Logo Bloomberg Technoz

RI Kekurangan Venue Konser, Menpar Lirik Investasi Danantara

Muhammad Fikri
16 July 2026 07:30

Menteri Pariwisata, Widiyanti Putri Wardhana saat jumpa pers di Kantor Badan Komunikasi Pemerintah RI, Rabu (15/7/2026). (Dok. Kemenpar)
Menteri Pariwisata, Widiyanti Putri Wardhana saat jumpa pers di Kantor Badan Komunikasi Pemerintah RI, Rabu (15/7/2026). (Dok. Kemenpar)
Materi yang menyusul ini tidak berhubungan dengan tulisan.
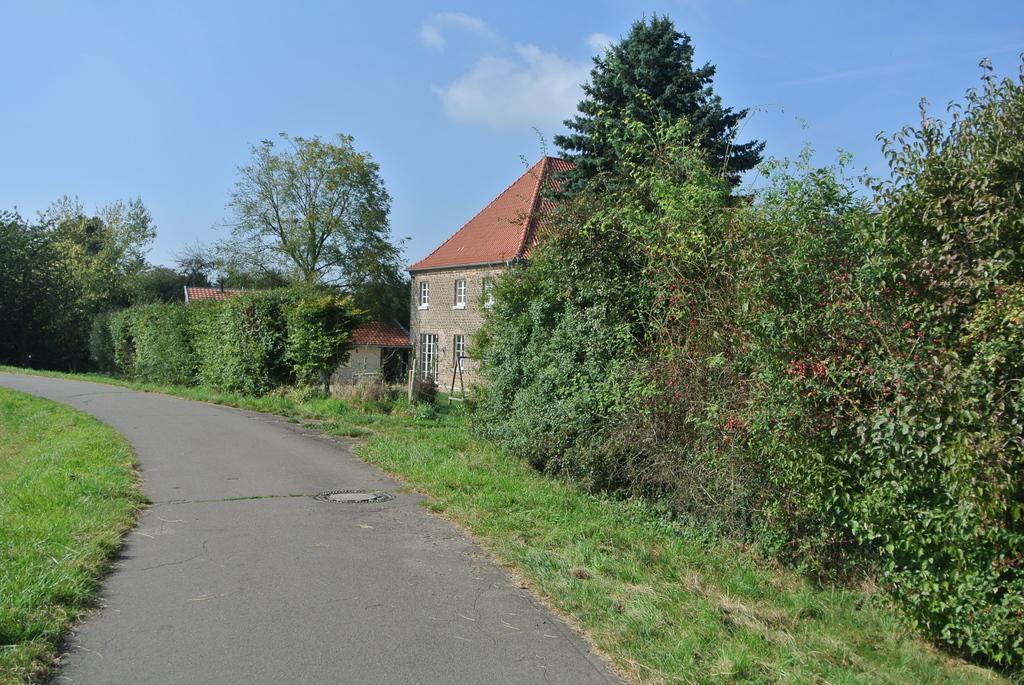Can you describe this image briefly? In the middle of the image we can see some plants, trees and houses. In the bottom left corner of the image we can see grass and road. At the top of the image we can see some clouds in the sky.

Bloomberg Technoz, Jakarta -Kementerian Pariwisata (Kemenpar) mengakui Indonesia masih membutuhkan lebih banyak venue konser untuk mendukung pertumbuhan wisata berbasis event. Keterbatasan fasilitas tersebut menjadi salah satu keluhan yang disampaikan para promotor musik kepada pemerintah.

Menteri Pariwisata Widiyanti Putri Wardhana mengatakan pihaknya telah beberapa kali berdiskusi dengan asosiasi promotor yang menyoroti minimnya venue untuk penyelenggaraan konser berskala besar di Indonesia.

"Kami sudah sering sekali bertemu dengan asosiasi promotor. Mereka juga menyampaikan kendala yang sama," kata Widiyanti kepada wartawan di Jakarta, Rabu (15/7/2026)


Menurut Widiyanti, Kementerian Pariwisata bahkan telah membahas peluang investasi pembangunan venue konser bersama Danantara sebagai salah satu upaya memperkuat infrastruktur industri event nasional.

"Kemarin kami juga berbicara dengan pihak Danantara apabila ada yang ingin investasi di bidang venue untuk konser. Terutama karena sekarang tempat-tempat kita kan rebutan dengan kegiatan olahraga (sports), jadi memang butuh dibangun venue baru," ujarnya.